INFORMATION SHOWN below:

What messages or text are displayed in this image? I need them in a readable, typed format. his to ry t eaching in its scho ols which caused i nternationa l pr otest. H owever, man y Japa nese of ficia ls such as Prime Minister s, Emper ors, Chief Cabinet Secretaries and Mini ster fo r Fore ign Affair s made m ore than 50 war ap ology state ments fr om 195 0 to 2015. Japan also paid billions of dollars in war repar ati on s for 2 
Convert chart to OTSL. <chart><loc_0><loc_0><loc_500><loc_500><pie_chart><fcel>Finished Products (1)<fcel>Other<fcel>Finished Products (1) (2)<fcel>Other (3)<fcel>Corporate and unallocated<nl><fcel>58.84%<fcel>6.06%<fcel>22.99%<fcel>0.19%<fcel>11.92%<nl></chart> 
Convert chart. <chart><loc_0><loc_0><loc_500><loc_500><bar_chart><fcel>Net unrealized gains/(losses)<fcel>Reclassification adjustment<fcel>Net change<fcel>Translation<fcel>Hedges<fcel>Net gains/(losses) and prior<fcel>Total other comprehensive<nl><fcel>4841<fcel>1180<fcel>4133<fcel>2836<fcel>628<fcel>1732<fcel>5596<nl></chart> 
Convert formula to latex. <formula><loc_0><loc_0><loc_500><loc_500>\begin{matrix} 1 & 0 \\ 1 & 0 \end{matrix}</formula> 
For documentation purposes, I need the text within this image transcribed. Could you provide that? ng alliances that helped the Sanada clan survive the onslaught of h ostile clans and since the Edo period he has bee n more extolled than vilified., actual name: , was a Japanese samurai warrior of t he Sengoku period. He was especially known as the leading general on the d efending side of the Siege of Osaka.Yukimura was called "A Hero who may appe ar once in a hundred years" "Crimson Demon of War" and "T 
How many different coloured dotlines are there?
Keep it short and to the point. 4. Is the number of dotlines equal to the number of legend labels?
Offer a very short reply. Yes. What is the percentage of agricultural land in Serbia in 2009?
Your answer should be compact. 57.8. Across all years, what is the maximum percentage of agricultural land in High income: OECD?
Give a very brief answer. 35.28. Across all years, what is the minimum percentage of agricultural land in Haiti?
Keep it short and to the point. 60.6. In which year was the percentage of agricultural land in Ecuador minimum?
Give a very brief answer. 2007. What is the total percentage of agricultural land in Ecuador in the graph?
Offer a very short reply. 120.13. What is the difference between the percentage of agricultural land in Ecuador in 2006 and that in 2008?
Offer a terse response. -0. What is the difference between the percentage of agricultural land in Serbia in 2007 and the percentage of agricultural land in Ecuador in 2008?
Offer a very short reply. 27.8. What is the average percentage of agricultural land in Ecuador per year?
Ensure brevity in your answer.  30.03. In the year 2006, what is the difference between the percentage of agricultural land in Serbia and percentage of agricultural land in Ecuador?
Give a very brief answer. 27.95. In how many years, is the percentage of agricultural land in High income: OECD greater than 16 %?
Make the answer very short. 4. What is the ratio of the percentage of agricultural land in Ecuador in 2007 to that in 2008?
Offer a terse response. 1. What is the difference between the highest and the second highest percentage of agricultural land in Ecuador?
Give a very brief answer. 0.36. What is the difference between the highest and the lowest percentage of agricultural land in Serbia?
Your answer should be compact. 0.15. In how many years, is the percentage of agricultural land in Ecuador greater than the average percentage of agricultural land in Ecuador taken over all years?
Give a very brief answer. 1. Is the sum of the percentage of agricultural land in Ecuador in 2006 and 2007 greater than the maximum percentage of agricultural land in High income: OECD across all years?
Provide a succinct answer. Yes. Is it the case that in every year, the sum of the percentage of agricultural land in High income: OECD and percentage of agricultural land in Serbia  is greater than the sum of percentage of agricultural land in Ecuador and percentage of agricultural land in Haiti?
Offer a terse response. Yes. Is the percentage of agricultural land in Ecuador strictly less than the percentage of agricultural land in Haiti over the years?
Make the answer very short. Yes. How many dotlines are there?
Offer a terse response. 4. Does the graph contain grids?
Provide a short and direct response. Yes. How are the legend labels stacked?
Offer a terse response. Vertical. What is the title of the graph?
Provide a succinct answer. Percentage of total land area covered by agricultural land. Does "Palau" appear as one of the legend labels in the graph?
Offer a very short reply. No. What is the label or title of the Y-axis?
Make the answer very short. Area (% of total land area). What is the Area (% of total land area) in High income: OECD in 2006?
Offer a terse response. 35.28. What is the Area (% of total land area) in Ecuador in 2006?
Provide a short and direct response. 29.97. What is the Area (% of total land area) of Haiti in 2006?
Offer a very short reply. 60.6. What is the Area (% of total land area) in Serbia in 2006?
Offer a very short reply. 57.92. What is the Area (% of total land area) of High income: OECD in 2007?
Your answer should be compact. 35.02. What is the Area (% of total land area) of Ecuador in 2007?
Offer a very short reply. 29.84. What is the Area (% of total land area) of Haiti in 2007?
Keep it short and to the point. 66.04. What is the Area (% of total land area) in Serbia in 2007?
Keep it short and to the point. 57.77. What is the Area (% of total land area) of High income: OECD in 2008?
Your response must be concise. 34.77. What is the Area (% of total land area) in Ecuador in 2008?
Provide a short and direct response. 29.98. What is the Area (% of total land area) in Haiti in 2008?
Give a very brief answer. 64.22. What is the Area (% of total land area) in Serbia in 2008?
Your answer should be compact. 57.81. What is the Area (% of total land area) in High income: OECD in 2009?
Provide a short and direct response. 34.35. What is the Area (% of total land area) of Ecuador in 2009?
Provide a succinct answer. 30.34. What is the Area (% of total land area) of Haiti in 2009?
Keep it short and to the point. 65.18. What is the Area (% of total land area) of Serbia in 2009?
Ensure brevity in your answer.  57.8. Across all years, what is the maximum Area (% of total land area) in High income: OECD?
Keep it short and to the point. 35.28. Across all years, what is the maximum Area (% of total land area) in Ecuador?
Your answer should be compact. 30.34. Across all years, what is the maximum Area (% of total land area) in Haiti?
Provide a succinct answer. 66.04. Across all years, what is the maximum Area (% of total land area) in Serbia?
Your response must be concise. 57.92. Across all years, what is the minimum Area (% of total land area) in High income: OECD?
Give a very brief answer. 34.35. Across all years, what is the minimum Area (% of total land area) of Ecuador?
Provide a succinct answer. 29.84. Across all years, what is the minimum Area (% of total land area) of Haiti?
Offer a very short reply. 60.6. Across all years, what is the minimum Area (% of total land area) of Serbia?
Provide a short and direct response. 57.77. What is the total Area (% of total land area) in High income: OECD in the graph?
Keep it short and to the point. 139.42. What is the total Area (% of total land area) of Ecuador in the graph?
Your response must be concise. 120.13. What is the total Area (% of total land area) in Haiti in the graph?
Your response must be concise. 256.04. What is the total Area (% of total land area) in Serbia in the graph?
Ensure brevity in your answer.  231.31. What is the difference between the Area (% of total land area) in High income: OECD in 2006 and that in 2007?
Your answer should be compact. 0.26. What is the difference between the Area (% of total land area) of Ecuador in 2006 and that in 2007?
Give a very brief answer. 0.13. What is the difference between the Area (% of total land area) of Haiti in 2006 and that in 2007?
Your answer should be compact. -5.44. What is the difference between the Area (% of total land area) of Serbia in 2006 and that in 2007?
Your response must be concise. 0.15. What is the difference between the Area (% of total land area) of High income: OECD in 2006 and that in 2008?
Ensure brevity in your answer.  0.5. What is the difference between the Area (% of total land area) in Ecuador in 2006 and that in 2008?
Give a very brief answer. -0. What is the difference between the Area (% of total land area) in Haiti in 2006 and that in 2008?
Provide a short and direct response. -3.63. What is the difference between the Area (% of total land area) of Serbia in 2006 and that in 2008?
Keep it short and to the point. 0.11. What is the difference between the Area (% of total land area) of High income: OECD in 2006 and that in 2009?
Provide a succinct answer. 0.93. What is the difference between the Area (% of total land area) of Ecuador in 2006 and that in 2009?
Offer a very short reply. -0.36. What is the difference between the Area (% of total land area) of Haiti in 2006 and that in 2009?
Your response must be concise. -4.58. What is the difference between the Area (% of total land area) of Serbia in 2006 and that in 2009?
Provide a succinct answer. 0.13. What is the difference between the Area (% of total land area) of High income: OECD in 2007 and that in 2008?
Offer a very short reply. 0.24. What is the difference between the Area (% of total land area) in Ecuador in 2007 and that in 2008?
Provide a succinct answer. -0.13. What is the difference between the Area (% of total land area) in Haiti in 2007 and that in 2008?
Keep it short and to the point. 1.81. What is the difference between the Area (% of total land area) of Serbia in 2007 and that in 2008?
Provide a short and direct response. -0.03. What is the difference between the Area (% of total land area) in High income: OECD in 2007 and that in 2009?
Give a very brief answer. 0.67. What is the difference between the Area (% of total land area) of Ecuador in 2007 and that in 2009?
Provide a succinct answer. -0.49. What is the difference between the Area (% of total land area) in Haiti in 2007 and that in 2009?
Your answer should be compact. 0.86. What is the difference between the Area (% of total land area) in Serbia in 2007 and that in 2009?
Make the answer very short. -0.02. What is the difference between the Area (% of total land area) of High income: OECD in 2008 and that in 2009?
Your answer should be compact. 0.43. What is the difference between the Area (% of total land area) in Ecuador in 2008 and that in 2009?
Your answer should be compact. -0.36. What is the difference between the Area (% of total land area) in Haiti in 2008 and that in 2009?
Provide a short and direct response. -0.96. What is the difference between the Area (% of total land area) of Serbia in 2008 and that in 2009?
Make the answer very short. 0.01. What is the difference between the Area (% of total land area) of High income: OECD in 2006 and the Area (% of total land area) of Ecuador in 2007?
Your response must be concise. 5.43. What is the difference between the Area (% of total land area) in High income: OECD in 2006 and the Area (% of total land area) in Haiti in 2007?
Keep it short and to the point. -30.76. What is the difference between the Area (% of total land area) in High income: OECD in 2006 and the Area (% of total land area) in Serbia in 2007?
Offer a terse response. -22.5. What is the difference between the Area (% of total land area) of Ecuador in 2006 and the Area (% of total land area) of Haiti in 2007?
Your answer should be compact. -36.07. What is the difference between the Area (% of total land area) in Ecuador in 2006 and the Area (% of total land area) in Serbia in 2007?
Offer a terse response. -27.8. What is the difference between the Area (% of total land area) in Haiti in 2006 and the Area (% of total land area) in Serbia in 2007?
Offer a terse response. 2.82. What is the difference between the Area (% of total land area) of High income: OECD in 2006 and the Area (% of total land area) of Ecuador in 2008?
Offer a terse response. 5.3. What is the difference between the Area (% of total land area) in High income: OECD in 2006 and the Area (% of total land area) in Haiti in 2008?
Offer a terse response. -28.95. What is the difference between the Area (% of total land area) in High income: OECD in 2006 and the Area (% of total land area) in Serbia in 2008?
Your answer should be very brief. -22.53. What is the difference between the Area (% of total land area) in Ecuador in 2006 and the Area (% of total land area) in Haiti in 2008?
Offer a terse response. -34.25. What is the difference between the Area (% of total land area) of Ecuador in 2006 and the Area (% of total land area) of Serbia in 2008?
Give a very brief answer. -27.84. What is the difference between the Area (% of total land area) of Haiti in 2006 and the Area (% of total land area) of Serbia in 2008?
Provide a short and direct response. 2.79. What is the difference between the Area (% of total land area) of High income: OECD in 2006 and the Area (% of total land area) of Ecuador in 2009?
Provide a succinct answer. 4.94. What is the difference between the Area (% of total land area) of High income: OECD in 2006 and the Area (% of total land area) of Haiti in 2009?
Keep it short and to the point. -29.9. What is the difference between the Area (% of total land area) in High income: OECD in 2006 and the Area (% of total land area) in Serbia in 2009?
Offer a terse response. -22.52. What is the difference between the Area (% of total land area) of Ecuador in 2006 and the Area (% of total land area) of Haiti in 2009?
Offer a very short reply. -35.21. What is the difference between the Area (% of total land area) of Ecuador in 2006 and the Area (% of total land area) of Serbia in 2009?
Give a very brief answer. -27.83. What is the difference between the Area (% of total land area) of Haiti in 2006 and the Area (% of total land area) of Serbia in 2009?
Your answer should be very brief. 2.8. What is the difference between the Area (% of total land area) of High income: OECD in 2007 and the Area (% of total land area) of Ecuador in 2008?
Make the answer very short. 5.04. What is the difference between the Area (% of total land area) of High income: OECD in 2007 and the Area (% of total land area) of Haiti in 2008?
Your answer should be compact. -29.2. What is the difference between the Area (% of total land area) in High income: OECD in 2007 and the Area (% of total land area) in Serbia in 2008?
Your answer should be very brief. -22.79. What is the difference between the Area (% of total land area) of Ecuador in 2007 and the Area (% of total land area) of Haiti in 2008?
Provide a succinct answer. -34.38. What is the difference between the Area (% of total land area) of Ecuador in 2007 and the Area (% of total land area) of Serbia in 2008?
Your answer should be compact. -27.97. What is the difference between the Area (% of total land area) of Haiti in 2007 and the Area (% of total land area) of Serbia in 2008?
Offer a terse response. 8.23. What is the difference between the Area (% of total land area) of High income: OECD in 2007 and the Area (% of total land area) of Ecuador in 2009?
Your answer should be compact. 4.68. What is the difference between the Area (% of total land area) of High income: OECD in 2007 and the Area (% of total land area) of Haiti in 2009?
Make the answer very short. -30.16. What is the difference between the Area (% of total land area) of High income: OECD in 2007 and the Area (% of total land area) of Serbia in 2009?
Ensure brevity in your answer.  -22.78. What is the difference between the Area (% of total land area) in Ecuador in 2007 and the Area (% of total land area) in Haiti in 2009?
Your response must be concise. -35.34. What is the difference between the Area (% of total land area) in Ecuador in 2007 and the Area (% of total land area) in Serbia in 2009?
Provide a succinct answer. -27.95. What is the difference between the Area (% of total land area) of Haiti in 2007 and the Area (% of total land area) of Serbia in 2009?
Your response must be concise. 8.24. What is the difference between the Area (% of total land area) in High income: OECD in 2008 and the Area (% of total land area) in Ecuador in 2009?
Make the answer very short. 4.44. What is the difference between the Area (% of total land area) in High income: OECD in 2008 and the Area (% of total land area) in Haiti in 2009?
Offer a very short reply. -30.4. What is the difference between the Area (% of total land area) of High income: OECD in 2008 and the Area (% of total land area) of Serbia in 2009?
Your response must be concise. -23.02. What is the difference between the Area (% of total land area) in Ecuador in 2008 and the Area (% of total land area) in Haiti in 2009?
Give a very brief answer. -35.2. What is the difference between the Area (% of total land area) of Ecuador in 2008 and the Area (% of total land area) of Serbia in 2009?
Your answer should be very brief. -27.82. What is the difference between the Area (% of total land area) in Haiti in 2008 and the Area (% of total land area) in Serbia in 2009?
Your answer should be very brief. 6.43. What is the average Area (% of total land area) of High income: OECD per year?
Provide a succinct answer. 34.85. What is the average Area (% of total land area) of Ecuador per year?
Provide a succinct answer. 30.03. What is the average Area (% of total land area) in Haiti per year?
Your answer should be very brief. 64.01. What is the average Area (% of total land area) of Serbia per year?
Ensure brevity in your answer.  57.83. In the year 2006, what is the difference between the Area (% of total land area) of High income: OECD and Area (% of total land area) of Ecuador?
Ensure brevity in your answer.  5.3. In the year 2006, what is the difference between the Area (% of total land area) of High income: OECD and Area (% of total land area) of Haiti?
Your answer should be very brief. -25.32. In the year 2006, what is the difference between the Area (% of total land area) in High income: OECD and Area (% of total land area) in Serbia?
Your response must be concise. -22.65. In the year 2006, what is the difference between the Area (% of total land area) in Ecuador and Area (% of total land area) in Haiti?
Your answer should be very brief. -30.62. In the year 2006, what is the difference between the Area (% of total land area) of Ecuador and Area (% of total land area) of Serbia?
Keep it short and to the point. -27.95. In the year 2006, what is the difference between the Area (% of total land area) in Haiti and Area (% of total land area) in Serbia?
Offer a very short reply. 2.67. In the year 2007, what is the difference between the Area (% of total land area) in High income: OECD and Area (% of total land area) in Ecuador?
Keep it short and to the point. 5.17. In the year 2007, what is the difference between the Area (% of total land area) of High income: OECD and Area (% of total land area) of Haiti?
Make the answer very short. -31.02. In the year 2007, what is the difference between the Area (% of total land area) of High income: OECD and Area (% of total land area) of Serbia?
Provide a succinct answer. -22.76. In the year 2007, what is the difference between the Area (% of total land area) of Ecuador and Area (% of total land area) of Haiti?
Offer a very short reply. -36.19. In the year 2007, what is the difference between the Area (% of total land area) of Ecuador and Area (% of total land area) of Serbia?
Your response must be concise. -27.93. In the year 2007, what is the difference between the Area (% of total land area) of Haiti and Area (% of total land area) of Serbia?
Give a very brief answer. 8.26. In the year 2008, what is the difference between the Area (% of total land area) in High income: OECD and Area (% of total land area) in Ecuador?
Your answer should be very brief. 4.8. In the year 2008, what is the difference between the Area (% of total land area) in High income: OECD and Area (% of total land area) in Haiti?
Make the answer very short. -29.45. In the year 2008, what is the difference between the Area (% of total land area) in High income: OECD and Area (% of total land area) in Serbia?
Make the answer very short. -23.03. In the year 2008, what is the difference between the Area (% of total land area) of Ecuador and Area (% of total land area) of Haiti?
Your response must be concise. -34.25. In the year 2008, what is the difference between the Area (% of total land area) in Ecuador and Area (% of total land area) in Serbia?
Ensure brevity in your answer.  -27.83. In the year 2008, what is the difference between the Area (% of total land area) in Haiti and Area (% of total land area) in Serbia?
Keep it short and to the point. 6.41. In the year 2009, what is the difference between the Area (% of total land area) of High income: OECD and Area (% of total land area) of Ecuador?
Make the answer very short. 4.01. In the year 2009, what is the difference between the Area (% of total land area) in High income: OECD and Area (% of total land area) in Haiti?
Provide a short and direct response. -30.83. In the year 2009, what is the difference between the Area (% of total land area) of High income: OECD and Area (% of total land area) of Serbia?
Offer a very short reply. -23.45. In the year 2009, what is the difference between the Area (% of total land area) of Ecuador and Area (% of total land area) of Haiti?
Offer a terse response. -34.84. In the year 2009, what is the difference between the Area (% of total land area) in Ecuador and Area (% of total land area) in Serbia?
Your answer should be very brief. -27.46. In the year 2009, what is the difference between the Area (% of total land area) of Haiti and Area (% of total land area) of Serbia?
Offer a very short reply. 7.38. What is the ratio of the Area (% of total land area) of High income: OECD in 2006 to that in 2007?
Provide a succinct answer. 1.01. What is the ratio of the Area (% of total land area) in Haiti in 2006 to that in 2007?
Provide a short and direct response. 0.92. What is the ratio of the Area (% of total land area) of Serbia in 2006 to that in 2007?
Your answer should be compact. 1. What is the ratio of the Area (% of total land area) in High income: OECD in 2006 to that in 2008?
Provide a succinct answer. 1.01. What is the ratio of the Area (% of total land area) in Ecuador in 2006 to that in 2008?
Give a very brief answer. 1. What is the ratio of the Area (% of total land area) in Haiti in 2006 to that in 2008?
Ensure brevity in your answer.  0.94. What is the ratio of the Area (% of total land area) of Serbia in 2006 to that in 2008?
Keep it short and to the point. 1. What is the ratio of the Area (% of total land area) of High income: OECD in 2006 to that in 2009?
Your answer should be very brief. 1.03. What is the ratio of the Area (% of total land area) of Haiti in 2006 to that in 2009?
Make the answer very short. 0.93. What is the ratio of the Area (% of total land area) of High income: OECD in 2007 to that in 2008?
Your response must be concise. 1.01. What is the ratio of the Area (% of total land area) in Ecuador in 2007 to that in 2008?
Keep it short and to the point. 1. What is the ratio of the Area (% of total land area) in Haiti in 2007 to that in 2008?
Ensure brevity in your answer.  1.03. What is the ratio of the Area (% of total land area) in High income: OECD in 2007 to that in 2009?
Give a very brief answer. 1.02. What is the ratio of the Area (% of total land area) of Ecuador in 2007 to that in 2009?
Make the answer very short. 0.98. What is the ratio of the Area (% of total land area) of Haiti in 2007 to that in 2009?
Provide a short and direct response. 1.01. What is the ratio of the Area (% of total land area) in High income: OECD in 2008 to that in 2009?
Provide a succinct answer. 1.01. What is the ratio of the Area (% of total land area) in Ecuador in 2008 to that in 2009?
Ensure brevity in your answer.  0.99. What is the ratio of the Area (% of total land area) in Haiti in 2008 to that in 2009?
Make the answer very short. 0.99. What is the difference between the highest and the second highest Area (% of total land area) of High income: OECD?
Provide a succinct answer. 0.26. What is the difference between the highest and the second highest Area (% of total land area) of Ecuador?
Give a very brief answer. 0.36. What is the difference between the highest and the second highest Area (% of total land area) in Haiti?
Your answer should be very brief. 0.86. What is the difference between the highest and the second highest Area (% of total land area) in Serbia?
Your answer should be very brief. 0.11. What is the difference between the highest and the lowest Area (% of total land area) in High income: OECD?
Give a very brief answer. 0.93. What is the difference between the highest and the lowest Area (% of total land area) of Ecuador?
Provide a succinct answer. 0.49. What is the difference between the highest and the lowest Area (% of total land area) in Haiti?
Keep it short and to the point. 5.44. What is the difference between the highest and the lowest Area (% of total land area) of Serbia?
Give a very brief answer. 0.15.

End of INFORMATION SHOWN.

YOUR TASK: From the records above, transcribe exactly the run of lines that opens with the line holding "Offer a very short reply. -36.19." and closes with the line holding "Offer a very short reply. -23.45.", both included.

OUTPUT OF THE EXERCISE:
Offer a very short reply. -36.19. In the year 2007, what is the difference between the Area (% of total land area) of Ecuador and Area (% of total land area) of Serbia?
Your response must be concise. -27.93. In the year 2007, what is the difference between the Area (% of total land area) of Haiti and Area (% of total land area) of Serbia?
Give a very brief answer. 8.26. In the year 2008, what is the difference between the Area (% of total land area) in High income: OECD and Area (% of total land area) in Ecuador?
Your answer should be very brief. 4.8. In the year 2008, what is the difference between the Area (% of total land area) in High income: OECD and Area (% of total land area) in Haiti?
Make the answer very short. -29.45. In the year 2008, what is the difference between the Area (% of total land area) in High income: OECD and Area (% of total land area) in Serbia?
Make the answer very short. -23.03. In the year 2008, what is the difference between the Area (% of total land area) of Ecuador and Area (% of total land area) of Haiti?
Your response must be concise. -34.25. In the year 2008, what is the difference between the Area (% of total land area) in Ecuador and Area (% of total land area) in Serbia?
Ensure brevity in your answer.  -27.83. In the year 2008, what is the difference between the Area (% of total land area) in Haiti and Area (% of total land area) in Serbia?
Keep it short and to the point. 6.41. In the year 2009, what is the difference between the Area (% of total land area) of High income: OECD and Area (% of total land area) of Ecuador?
Make the answer very short. 4.01. In the year 2009, what is the difference between the Area (% of total land area) in High income: OECD and Area (% of total land area) in Haiti?
Provide a short and direct response. -30.83. In the year 2009, what is the difference between the Area (% of total land area) of High income: OECD and Area (% of total land area) of Serbia?
Offer a very short reply. -23.45. In the year 2009, what is the difference between the Area (% of total land area) of Ecuador and Area (% of total land area) of Haiti?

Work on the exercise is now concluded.